● **Task goal**
Show every line of the records below that contains the word "Wednesday".

─── Material for this exercise ───

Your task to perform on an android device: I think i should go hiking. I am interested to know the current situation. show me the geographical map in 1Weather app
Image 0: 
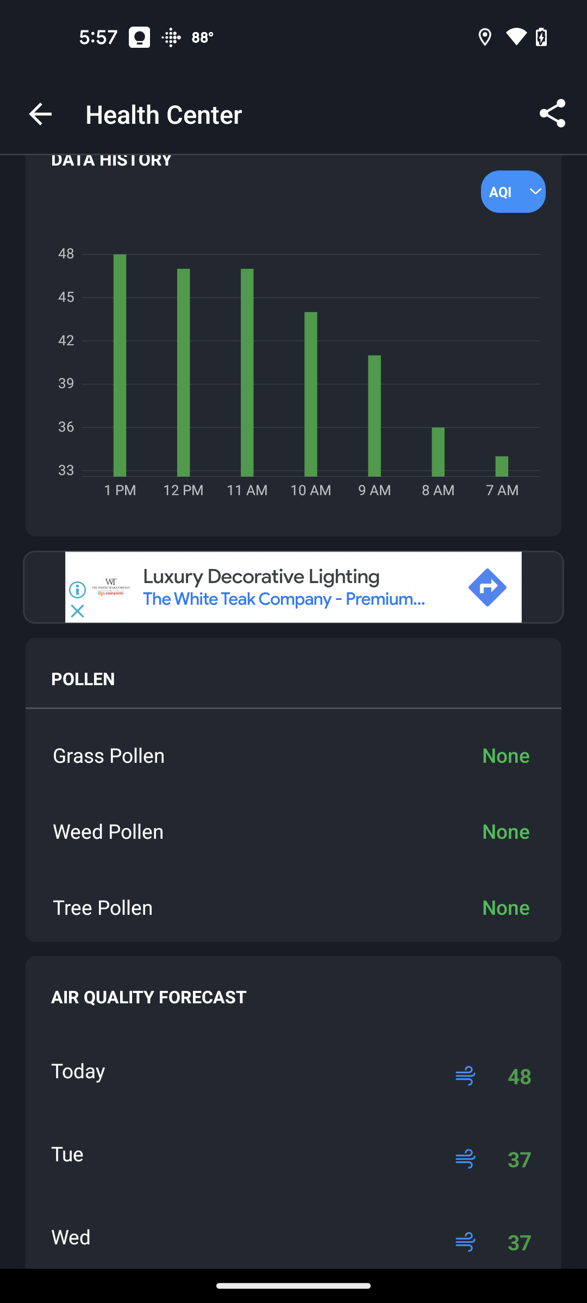
Go back to previous page
Step 0: press back button
Image 2: 
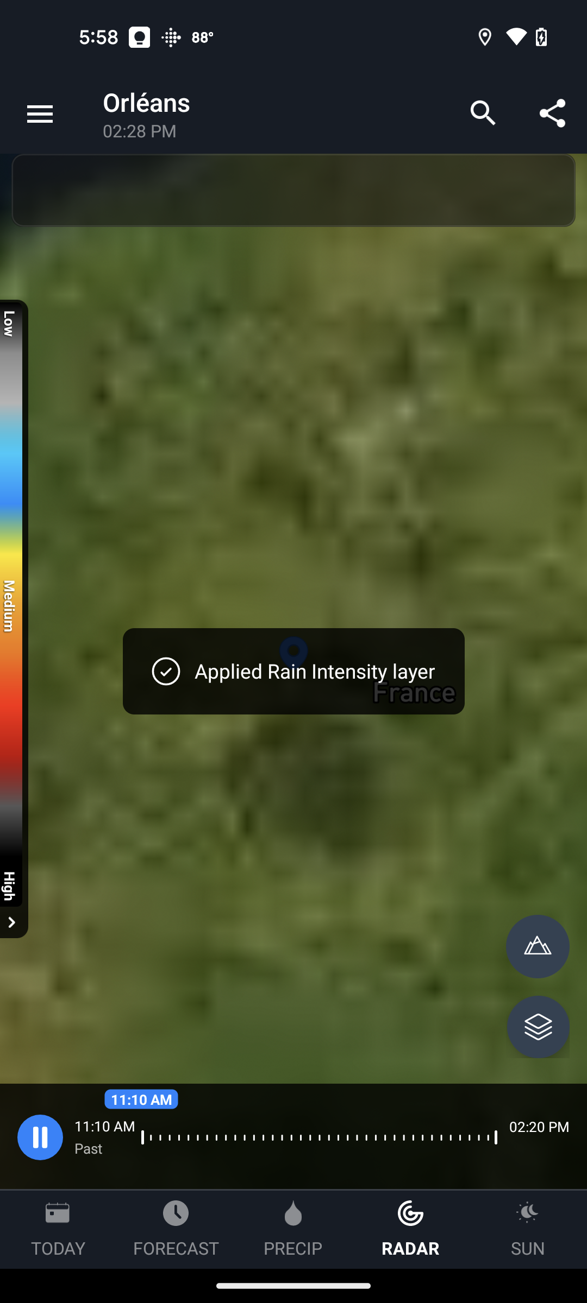
Click on the RADAR at the bottom of the screen
Step 2: wait
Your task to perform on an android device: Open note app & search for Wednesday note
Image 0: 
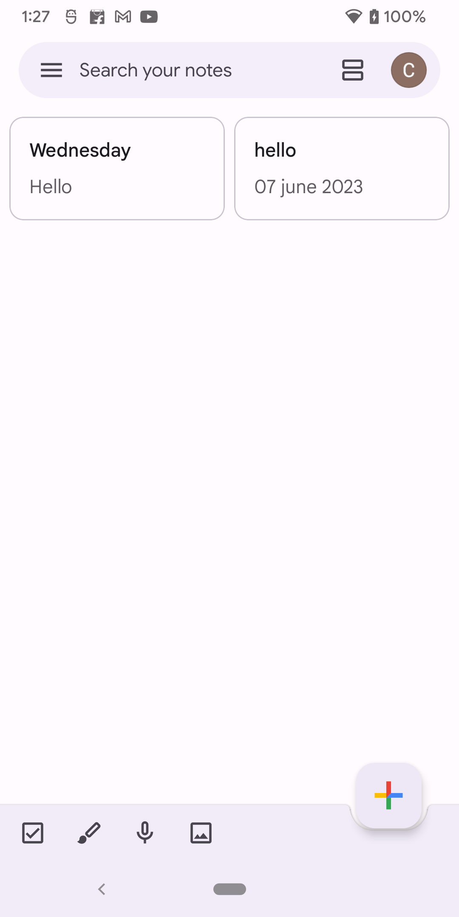
click on search bar
Step 0: click (156, 70)
Image 1: 
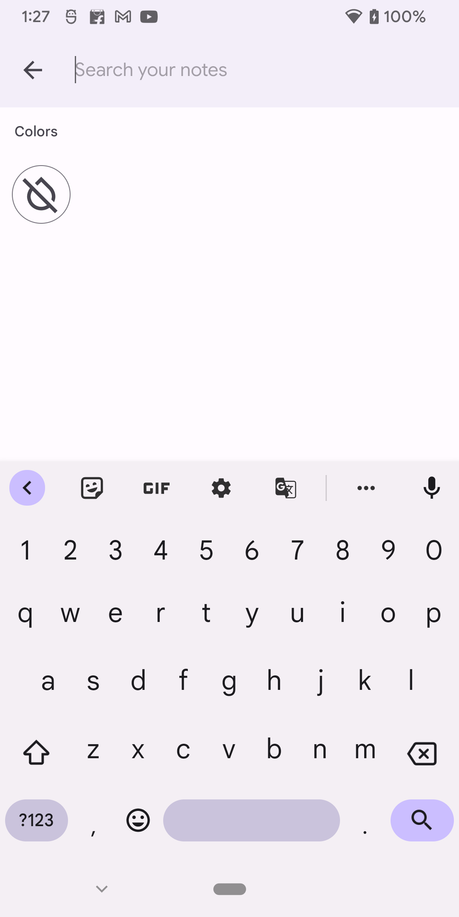
search for Wednesday 
Step 1: type "Wednesday "
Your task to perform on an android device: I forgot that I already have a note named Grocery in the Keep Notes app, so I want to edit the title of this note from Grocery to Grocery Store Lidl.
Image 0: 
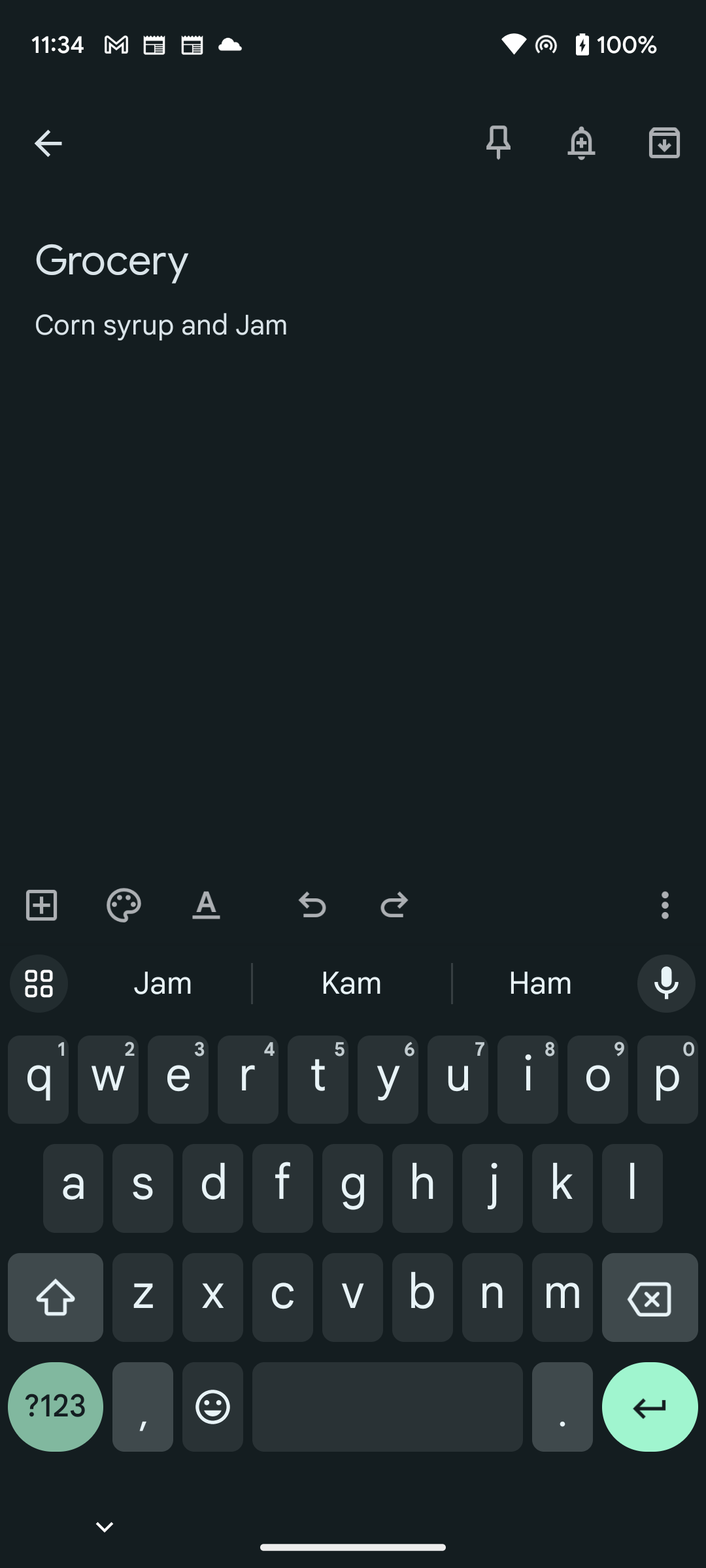
Click on the title of this note Grocery to edit the title
Step 0: click (180, 262)
Image 1: 
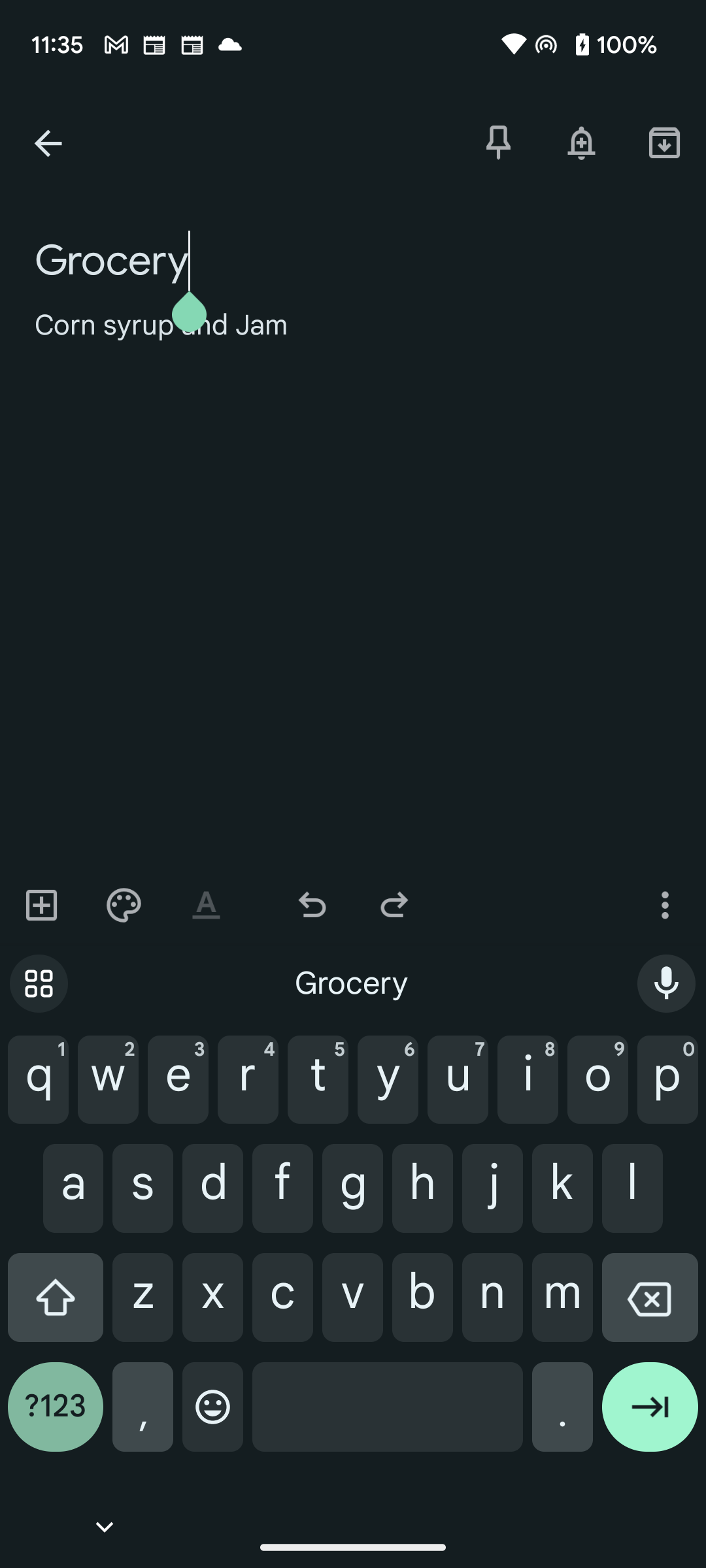
Type Grocery Store Lidl in the title section to replace Grocery
Step 1: type "Grocery Store Lidl"
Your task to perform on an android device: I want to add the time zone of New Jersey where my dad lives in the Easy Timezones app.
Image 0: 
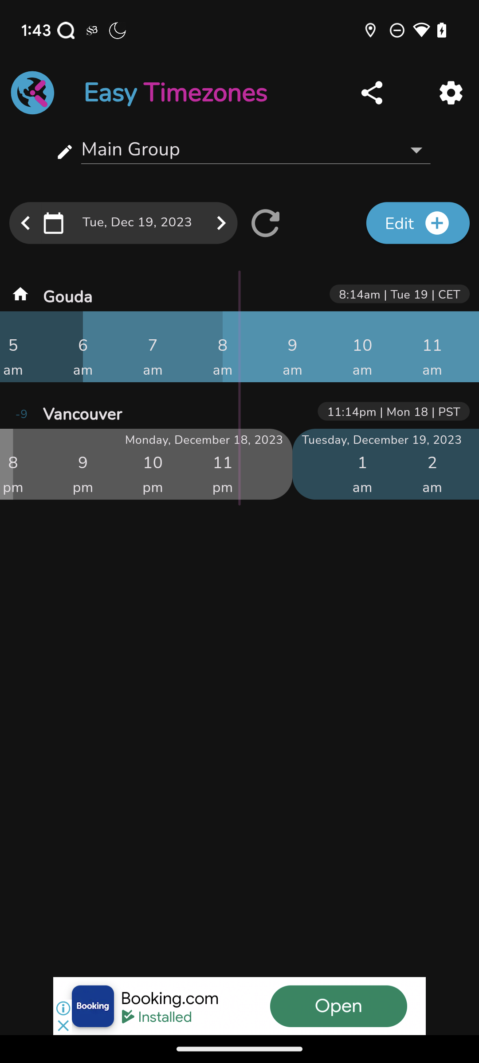
Click on the Edit button.
Step 0: click (418, 223)
Image 3: 
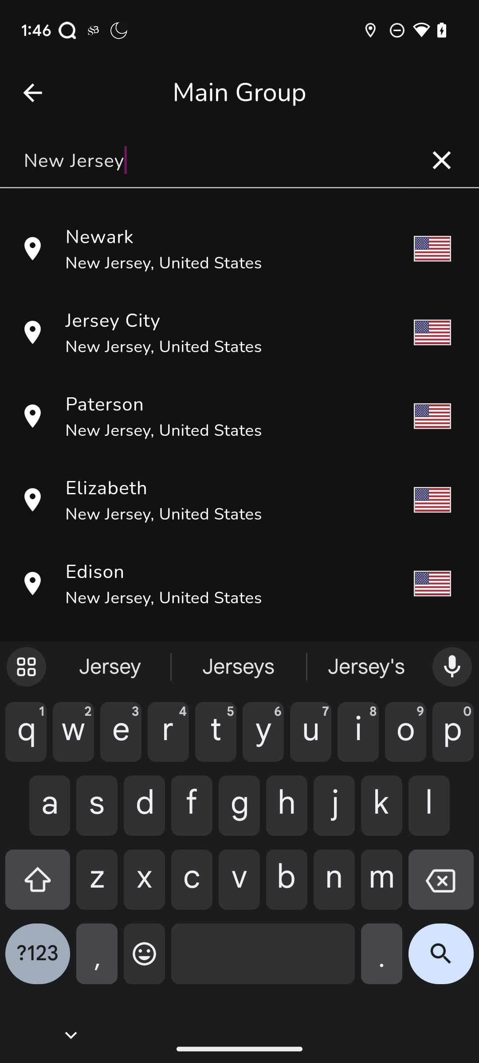
Click on the first suggestion.
Step 3: click (239, 248)
Image 4: 
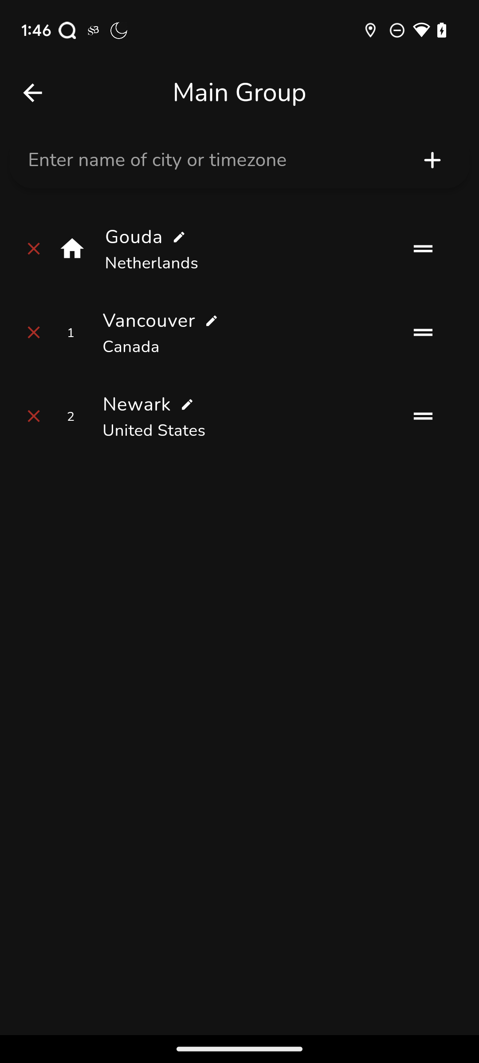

───

● **Answer below**
Your task to perform on an android device: Open note app & search for Wednesday note
search for Wednesday 
Step 1: type "Wednesday "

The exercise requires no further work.